┌──

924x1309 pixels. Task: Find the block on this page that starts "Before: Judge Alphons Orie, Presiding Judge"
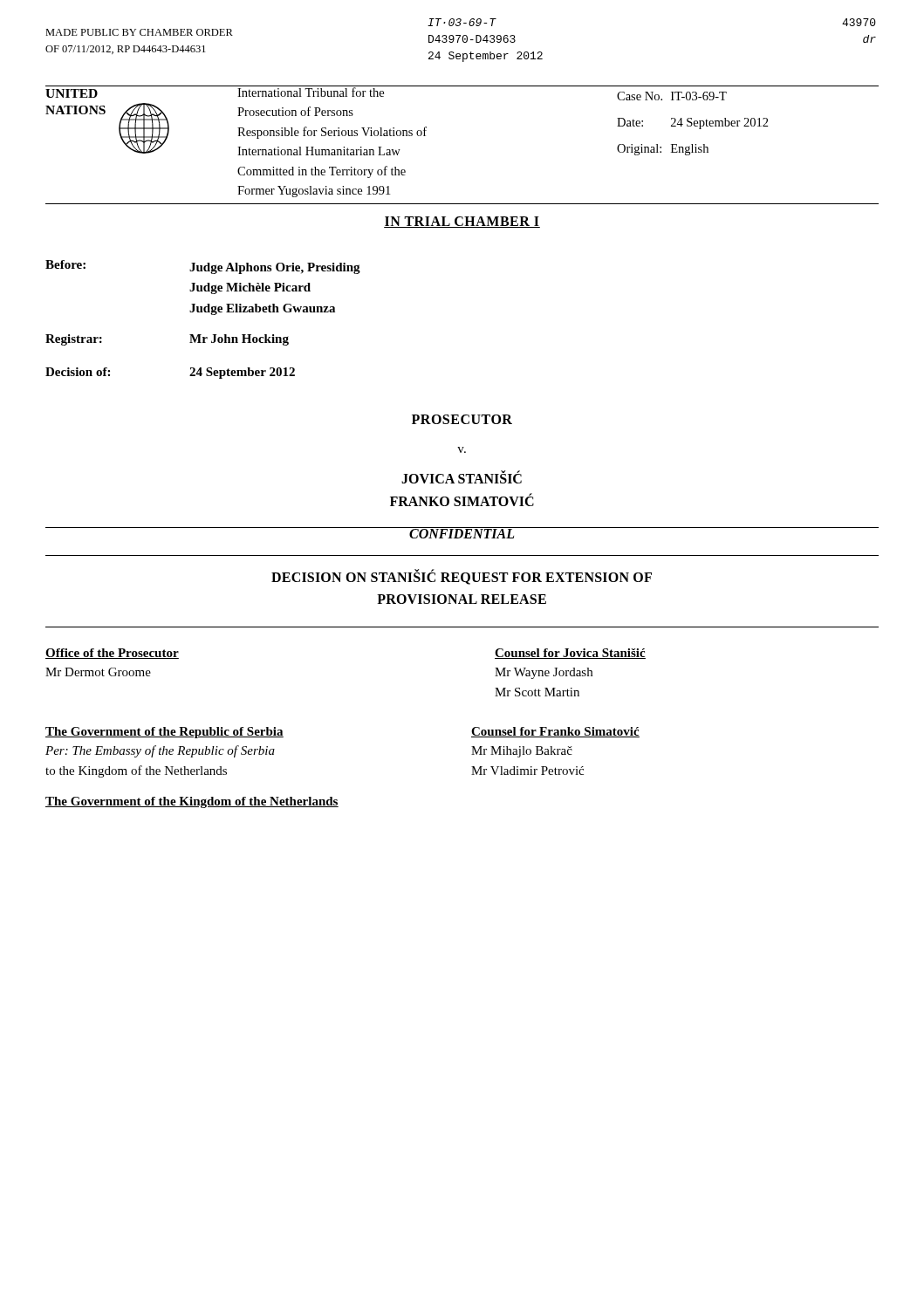[203, 288]
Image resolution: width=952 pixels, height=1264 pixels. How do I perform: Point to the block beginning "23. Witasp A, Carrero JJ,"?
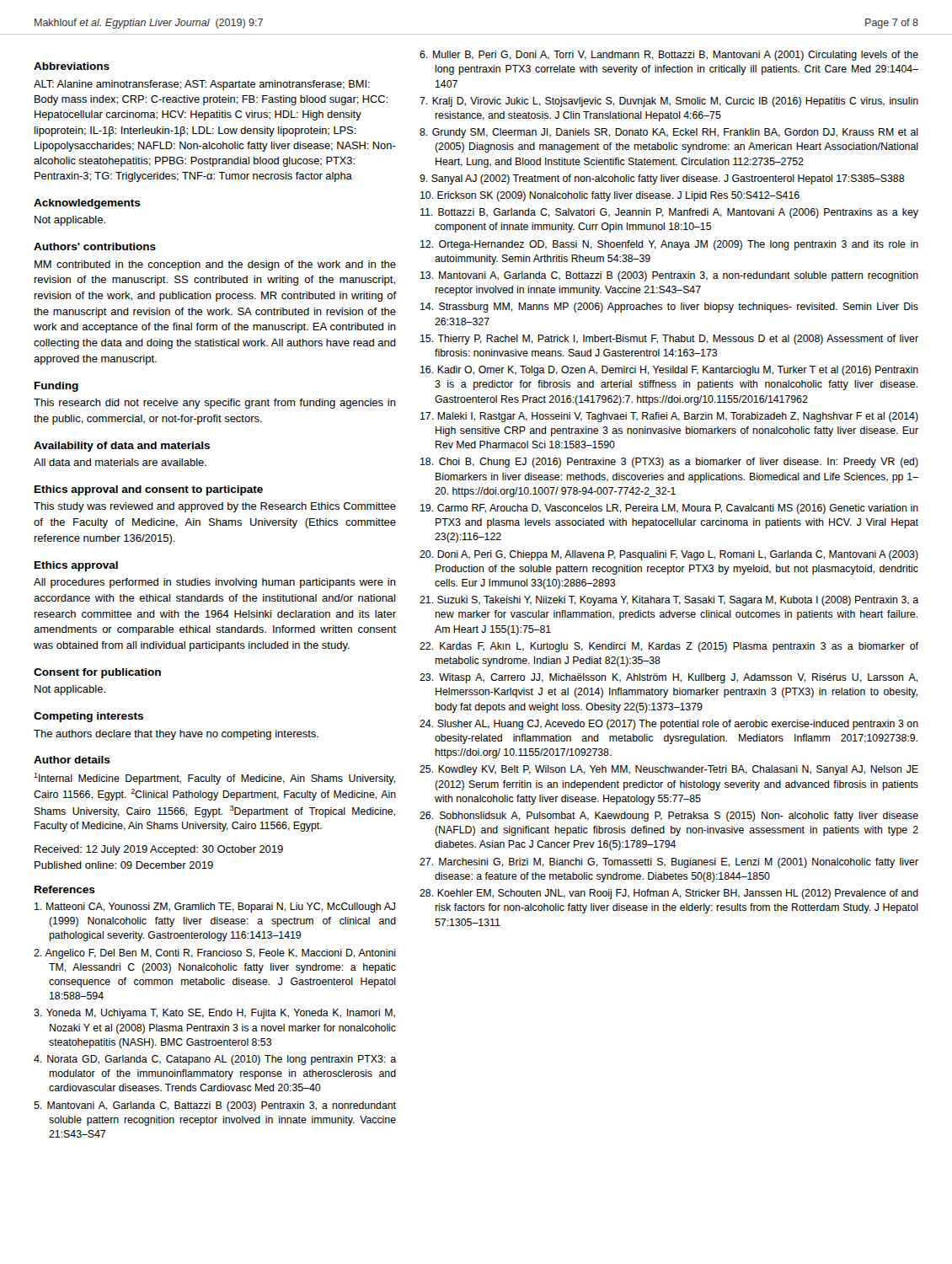click(x=669, y=692)
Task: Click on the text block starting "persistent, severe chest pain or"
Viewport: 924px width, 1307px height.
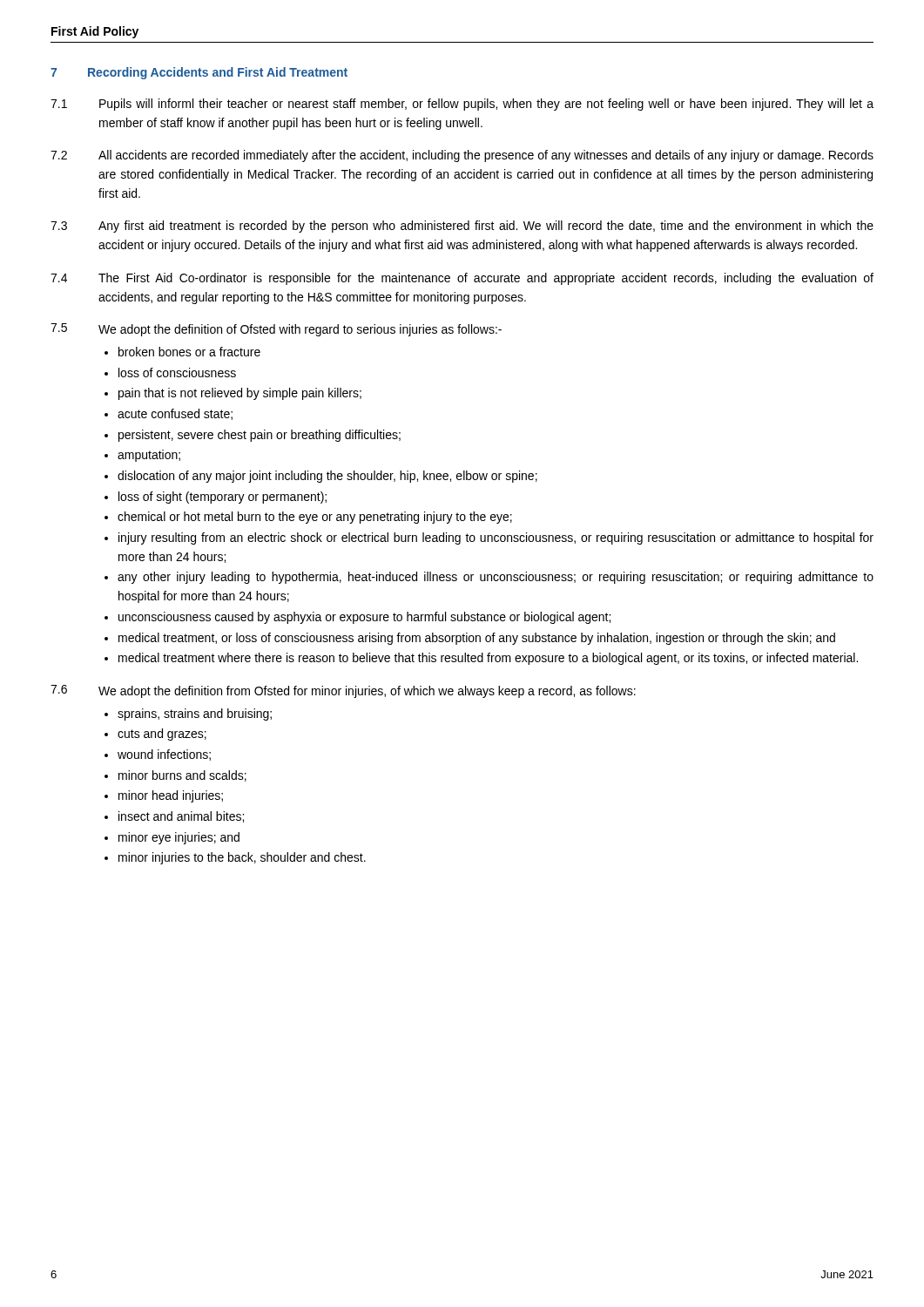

└──

### Exercise brief
Set every entry down again word for word, but not the pictures.

### Reply to the task
924x1309 pixels. Task: Find the block on this page that starts "Before: Judge Alphons Orie, Presiding Judge"
[203, 288]
Image resolution: width=952 pixels, height=1264 pixels. How do I perform: Point to the block beginning "23. Witasp A, Carrero JJ,"?
click(x=669, y=692)
Task: Click on the text block starting "persistent, severe chest pain or"
Viewport: 924px width, 1307px height.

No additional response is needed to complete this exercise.